The incredible tools of Catalina Vicens

Take a couple in their twenties or so. They are Chilean, in love, ready to commit themselves to a better future. He is a recent graduate in Political Science, a very young government official at the Ministry for Economic Development. She is a graphic designer and activist of the Women’s Union. When on 11 September 1973 a coup d’état overthrows the Allende presidency, establishing the dictatorship of Augusto Pinochet, the most important Chilean newspaper within a few hours, El Mercurio, publishes the black list of opponents of the regime. The names of Paulina and Andrés they are there, in black and white. Time to throw a bundle of clothes, two pans and a portable television on the seats of the Due Cavalli. The boys run away. They go up the entire Andean mountain range up to Quito, Equador, five thousand km further north, to escape the dictator’s thugs. They will return to Santiago a few years later, when the dictatorship begins to fall apart (it will fall in 1989), and in Santiago it will be born Catalina, today director of the Museum of San Colombano in Bolognaone of the most prestigious collections in the world of ancient tools. That Catalina revives by playing them all or almost all, a concert artist of international prestige called from one continent to another to play harpsichords, spinets and fortepianos.

Thirty-eight, naughty face and eyes that swallow life at every glance, Catalina Vicens it is a torrent of energy. The Bolognese appointment is only dated last autumn, but the casual and adolescent attitude with which she lives in the city everyday life makes her seem like one of the many students who swarm under the arcades around the University. She was inserted one hundred percent also because of the fluent Italian, refined thanks to her stay in Bologna, but long overheard when she was little, thanks to opera music.

A reserved child, Catalina. And who would ever say, seeing her today, inspired and radiant. “Reserved, just like that. I was with my thoughts, I wrote poems, they had to force me to play with the other children. Even today I strongly feel the need to keep some space and time for myself, alone. I lived my childhood in a suspended time, the true story of my family and my country I discovered much later. I knew that my parents had previously lived in Ecuador and that my brothers were born there. I also knew that the German Jewish grandmother and the Catalan grandfather were both exiles. But when I was a child we simply didn’t talk about certain things. A delivery of the silence that was breathed in the air. I remember that my classmate had the photo of Pinochet as a computer screensaver … Even after the end of the dictatorship, every word was weighed, there were two halves of the population to put back together, it was a formative and delicate period ” .

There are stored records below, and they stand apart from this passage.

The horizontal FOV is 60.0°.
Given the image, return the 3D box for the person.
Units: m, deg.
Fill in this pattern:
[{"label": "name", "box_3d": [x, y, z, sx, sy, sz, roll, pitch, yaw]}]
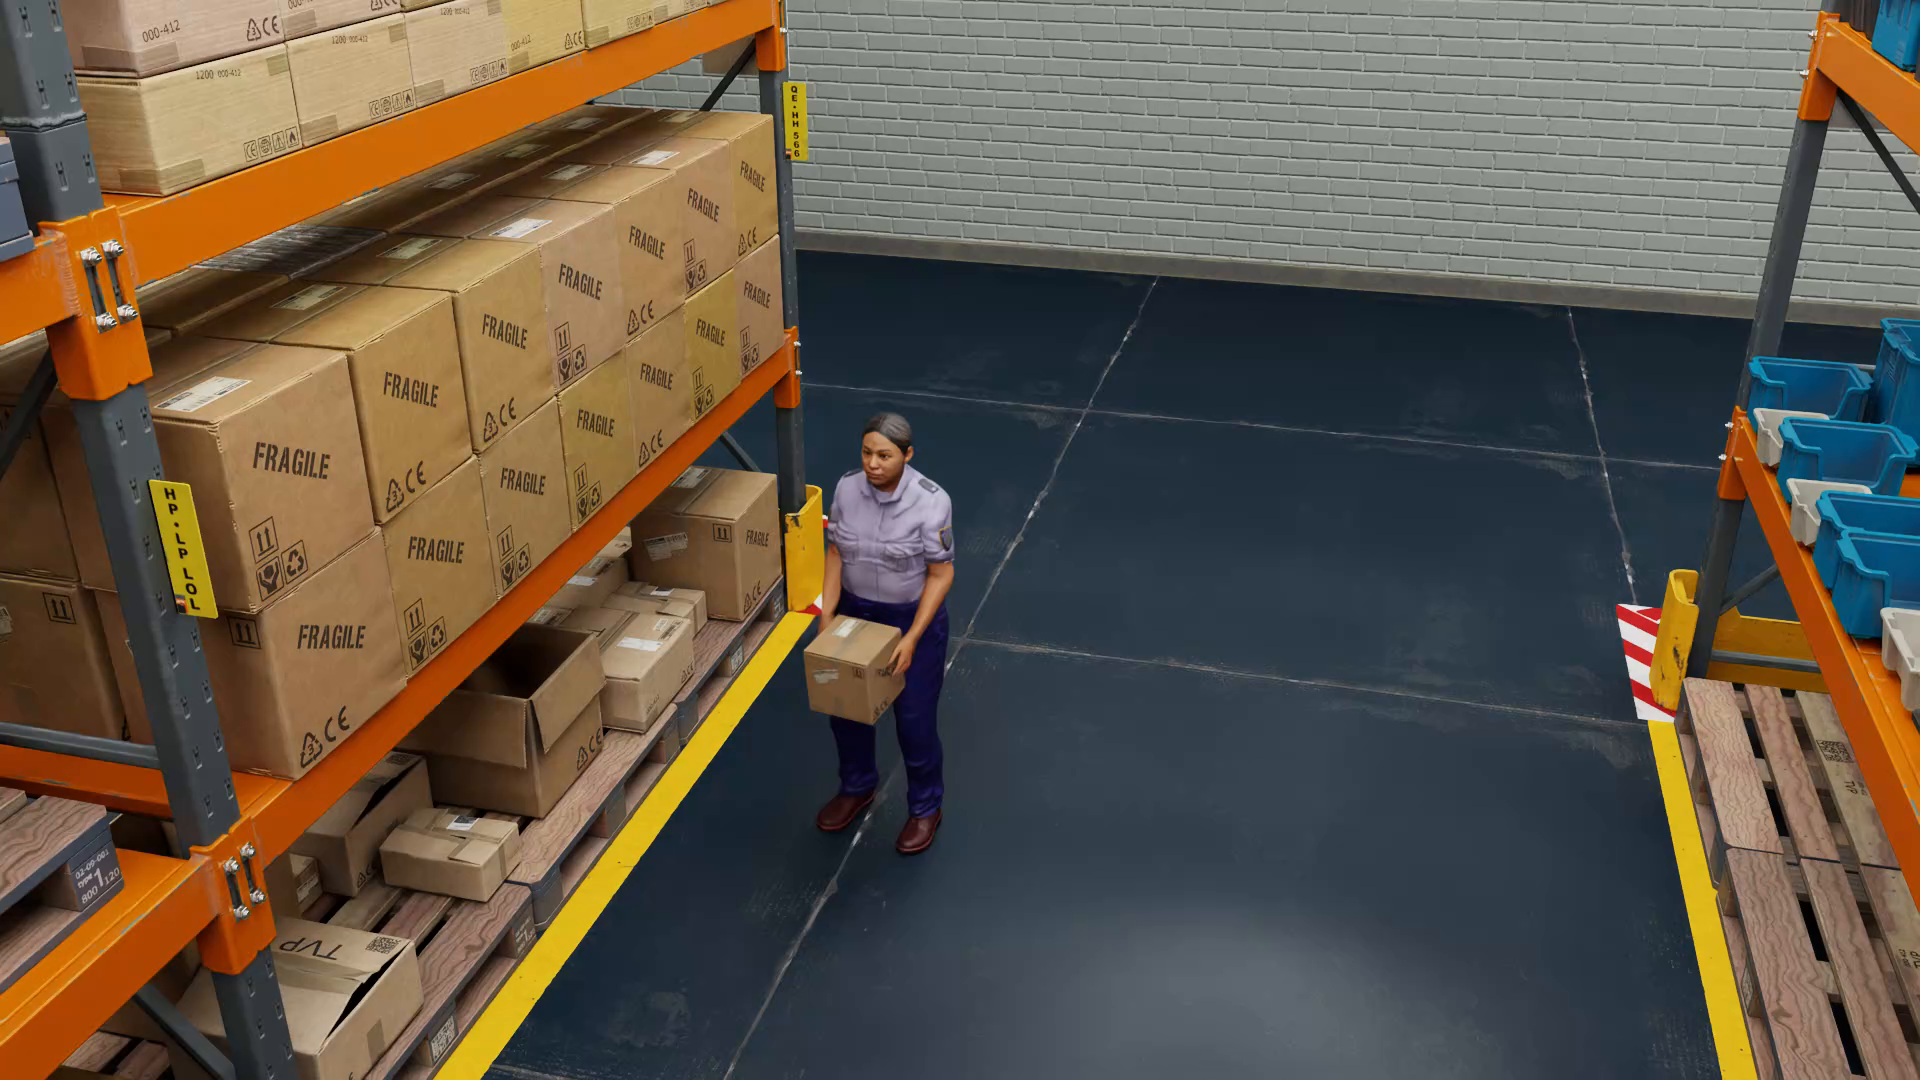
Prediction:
[{"label": "person", "box_3d": [-0.271, 0.327, 5.928, 0.506, 1.656, 0.424, 12, 28, 23]}]

But before learning the history, Catalina learns to love music. In fact, in addition to working as an interior designer, mother Paulina sings in the choir of the Teatro Municipal in Santiago. She is gifted enough to be part of it without ever having studied music. But listening to the arias of Tosca and La Traviata is not the real reason that pushes her to learn the piano. «My best friend was taking lessons, she had decided that when she grew up she would be a pianist. And I wanted to do what she did (instead she became a famous playwright, ed). I was seven years old and my parents didn’t believe much in my concert vocation: however they let me go to class and bought a Casio keyboard so I could practice at home. They bought me the piano a few years later, when they realized that mine was a real passion. I walked out of school and ran home to put on Bethoven, Dvorak records, I immersed myself in classical music with an all-encompassing enthusiasm. I also took kung-fu lessons. Sounds strange, huh? I like it so much, I have never stopped practicing it. In life, everything I do, I do one hundred percent ».

But music is more powerful than martial arts, and Catalina signs up for the Santiago Conservatory, with the aim of becoming a composer. But … «But I was very strong in scientific subjects and I discovered a passion for medicine. And within medicine, neurosurgery. I liked the idea of ​​investigating, understanding, repairing that extraordinary mechanism that is our brain. Basically, I thought, one thing does not exclude the other ».

Deciding to take the test for enrollment in Medicine is a matter of seconds. In the days of limbo preceding the publication of the results, her piano teacher telephones her, announcing that in a few days a professor from the Curtis & Julior School of Music in New York would be arriving in Santiago to scout. «He asks me, Do you want to participate in the audition? You like Bach, and they are looking for harpsichord students. The scholarship covers all expenses, in my opinion you would do well to try. I thought, why not? I introduced myself, I played, they chose me. I said to myself: I’ll go, if I don’t like it I’ll go back. The family has given me the freedom to choose without the fear of failure. A good fortune ».